宋舟觉抬头朝那些马蜂窝笑了下,灿烂得跟朵花一样。
她耳力过人,能听见周遭窃窃私语,但也不在意,只拿着羊皮卷看拍品。
大轴拍品边上只有两字:通天。
宋舟觉就是为这件拍品来的。
最近师傅总是心神不宁,似乎是前些日子遇到什么故人,回来后便把自己关在房间卜卦。宋舟觉不知道卦象如何,但能从师傅半月都不曾下山解冢这一事中窥见些不好的苗头。
恰巧宋舟觉听闻有一鬼市即将问世,其中有件能通晓古今的宝物,宋舟觉略略打听一番,找到这处。
那宝物应该是什么灵物,类似玄武龟甲之流,想来师傅能用到。
拍卖开始,价格传唱,宋舟觉静静等着,一直到最后一件拍品上来。
那拍品是被木车推上来的,其上盖着红绸,能有一人高。
宋舟觉心想,这乌龟壳还挺大,难怪叫通天,这占卜起来,裂纹不得从盘古开天辟地裂到往后三万年啊。
不止她感兴趣,那些马车里的贵人也感兴趣,要是拍下献给上面,溜须拍马一下,往后官路会好走很多。
庄家的人见大轴吊起了众人的兴趣,微微一笑,扯下了红绸,里面却不是众人猜测的龟甲,竟是一个被笼子关住的女孩。

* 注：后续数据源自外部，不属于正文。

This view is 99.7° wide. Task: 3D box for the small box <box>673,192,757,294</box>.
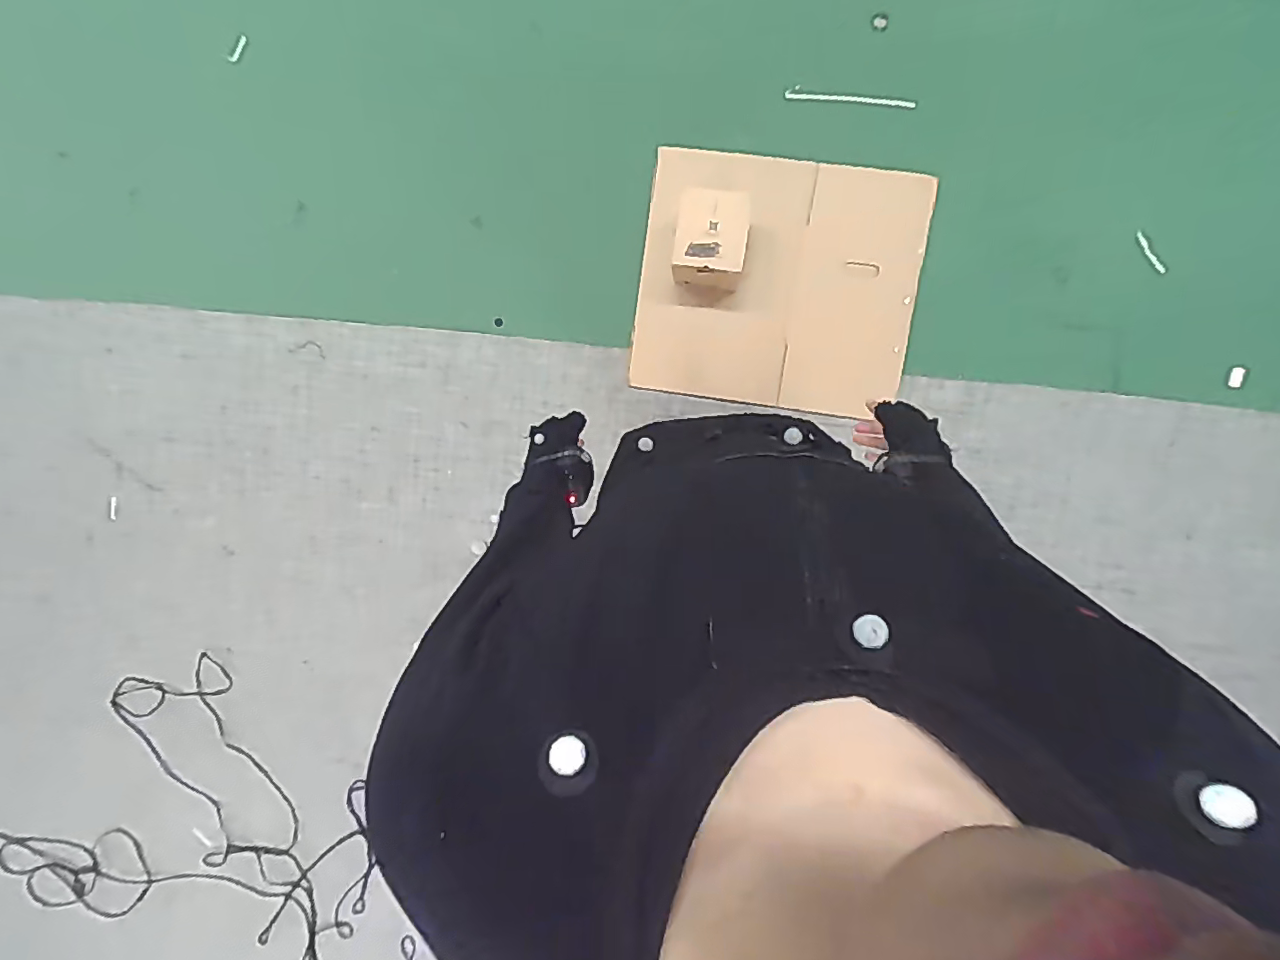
[{"bbox_3d":[0.180,-0.562,1.307,0.168,0.176,0.179,10,95,5],"label":"small box"}]
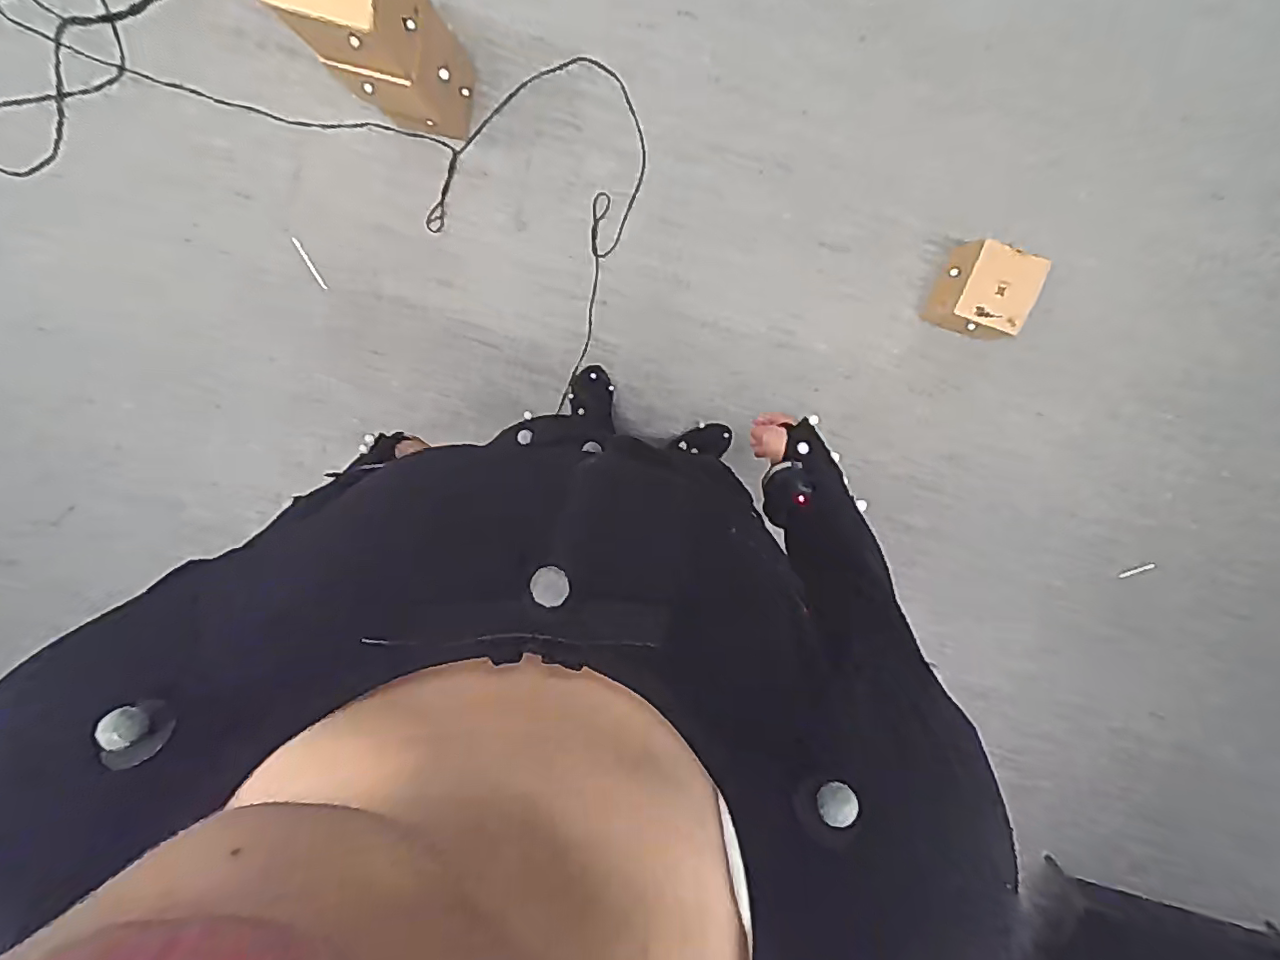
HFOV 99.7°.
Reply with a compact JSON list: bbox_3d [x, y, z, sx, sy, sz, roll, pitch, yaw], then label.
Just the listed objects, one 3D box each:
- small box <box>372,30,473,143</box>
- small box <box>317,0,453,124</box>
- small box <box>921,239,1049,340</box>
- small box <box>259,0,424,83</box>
[{"bbox_3d":[-0.491,-0.890,1.219,0.179,0.176,0.168,10,102,-1],"label":"small box"},{"bbox_3d":[-0.493,-0.837,1.063,0.179,0.176,0.168,13,103,-3],"label":"small box"},{"bbox_3d":[0.817,-0.449,1.303,0.168,0.176,0.179,18,101,-3],"label":"small box"},{"bbox_3d":[-0.489,-0.807,0.903,0.179,0.176,0.168,12,102,-3],"label":"small box"}]
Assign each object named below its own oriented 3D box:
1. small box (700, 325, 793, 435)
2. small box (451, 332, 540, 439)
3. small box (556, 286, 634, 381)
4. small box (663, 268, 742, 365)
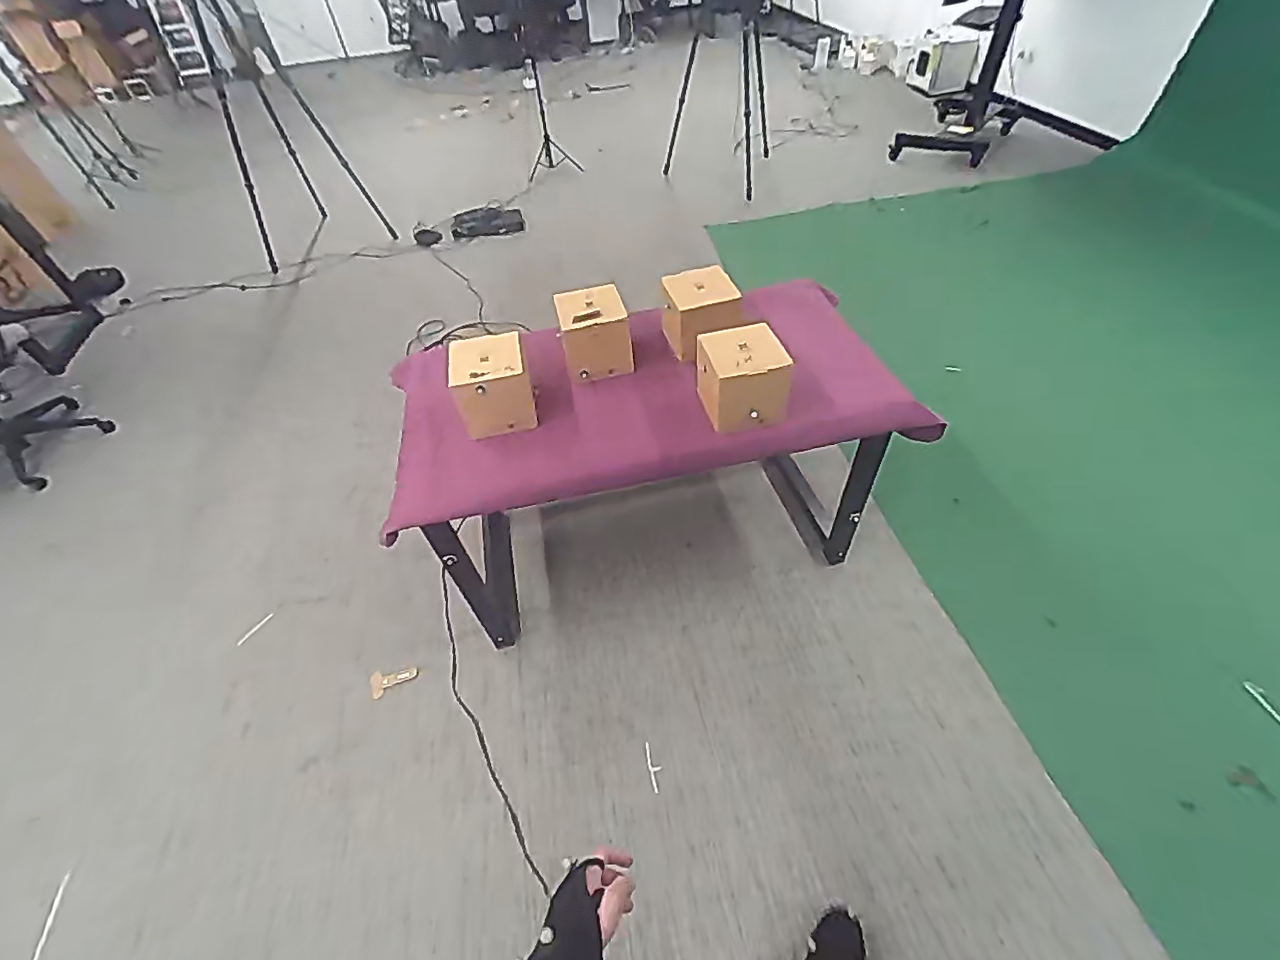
[{"bbox_3d":[0.236,-0.230,1.250,0.168,0.176,0.179,-12,47,-4],"label":"small box"},{"bbox_3d":[-0.344,-0.227,1.304,0.168,0.176,0.179,-13,48,-4],"label":"small box"},{"bbox_3d":[-0.116,-0.377,1.416,0.168,0.176,0.179,-13,48,-6],"label":"small box"},{"bbox_3d":[0.162,-0.436,1.443,0.168,0.176,0.179,-14,50,-5],"label":"small box"}]
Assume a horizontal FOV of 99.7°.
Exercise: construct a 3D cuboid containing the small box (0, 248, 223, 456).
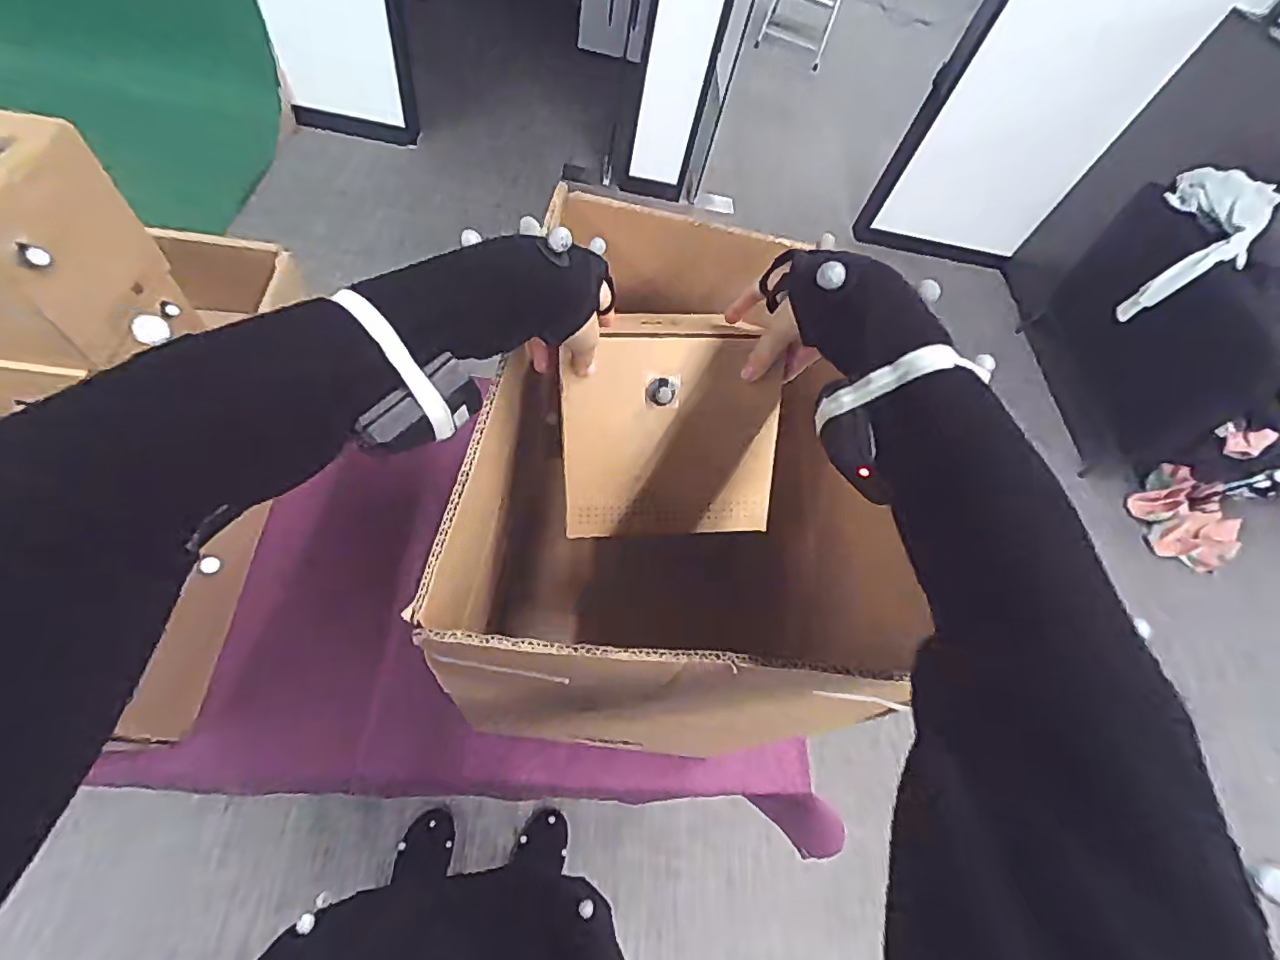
[{"bbox_3d":[-0.666,-0.148,0.666,0.168,0.176,0.179,7,59,-7],"label":"small box"}]
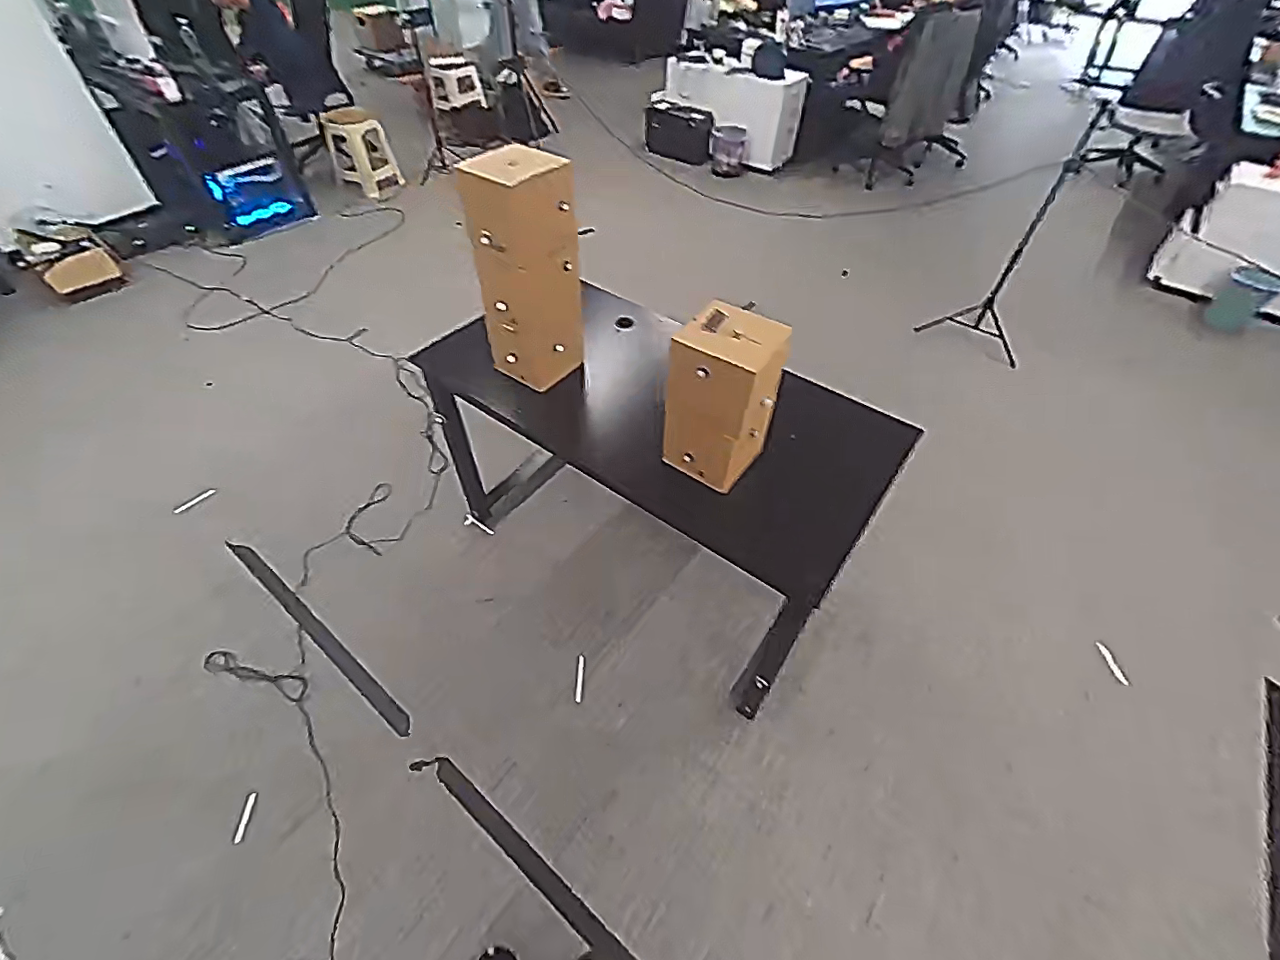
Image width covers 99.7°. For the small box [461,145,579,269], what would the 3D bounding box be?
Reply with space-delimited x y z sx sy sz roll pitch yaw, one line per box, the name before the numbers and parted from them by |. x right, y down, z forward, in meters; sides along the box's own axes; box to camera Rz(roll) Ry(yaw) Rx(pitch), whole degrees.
small box | -0.242 -0.574 1.139 0.168 0.176 0.179 29 54 23

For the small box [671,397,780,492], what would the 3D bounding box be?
small box | 0.179 -0.109 1.182 0.168 0.176 0.179 30 55 23

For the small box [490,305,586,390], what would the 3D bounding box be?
small box | -0.251 -0.359 1.386 0.168 0.176 0.179 29 55 22

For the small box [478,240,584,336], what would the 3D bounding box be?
small box | -0.246 -0.468 1.262 0.168 0.176 0.179 29 54 23

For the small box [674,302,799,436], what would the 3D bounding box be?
small box | 0.179 -0.214 1.054 0.179 0.176 0.168 28 54 20
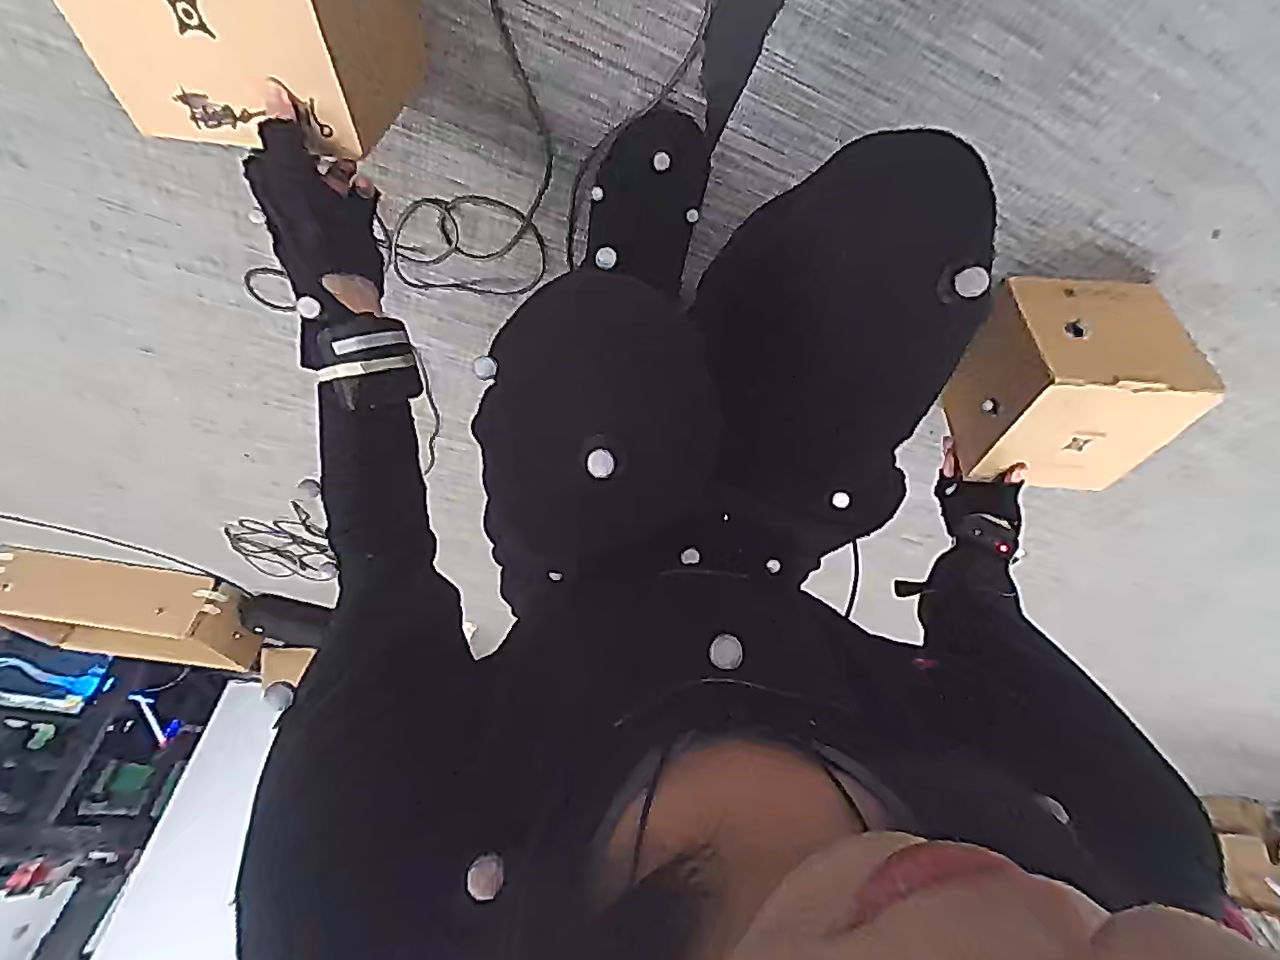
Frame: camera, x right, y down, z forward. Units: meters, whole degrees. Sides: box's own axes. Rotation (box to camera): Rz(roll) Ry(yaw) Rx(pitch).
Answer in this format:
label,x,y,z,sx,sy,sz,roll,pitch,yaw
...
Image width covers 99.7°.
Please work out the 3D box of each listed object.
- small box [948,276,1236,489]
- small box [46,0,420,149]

女孩眼睛上蒙着粗麻布,缩在笼内,听见周遭乍然而起的议论声,瑟缩了下。
庄家笑道:“这女孩是一户人家从水中捞到,名吴水,视物不清,本来那户人家以为她是先天眼盲,不曾想她这双眼是有通天之能!”
众人胃口吊起,又听他道:“三岁看见那户人家此后官运亨通,不出半年,那家大儿便得武王赏识,五岁窥见长姐有凤相……”
有人惊呼:“该不会是现在那位吴后!”
“是,”庄家笑意更大,“吴后便是这孩子的长姐。”
有人语气贪婪:“当真是通天见识,而不是福星吗?”
这窥见的未来与福事,倒是难分因果。
庄家忽然叹道:“她亦看见过贵人薨逝,也曾预言过天灾人祸。”
这话一出,那些想要把人买回去光耀门楣的人歇了心思。
有一道男声从马车中传出:“既是吴后的养妹,为何会沦落到黑市?”
庄家稍一拱手以示敬意:“鬼市规矩,不问来路,在下只能说,匹夫无罪怀璧其罪。”
点到即止,庄家抬手压下纷杂的声音,随后众人开始叫价。
宋舟觉跟着喊了两声,但可惜身家没到富得流油,喊不过那群走两步掉一地钱的,索性就不喊了。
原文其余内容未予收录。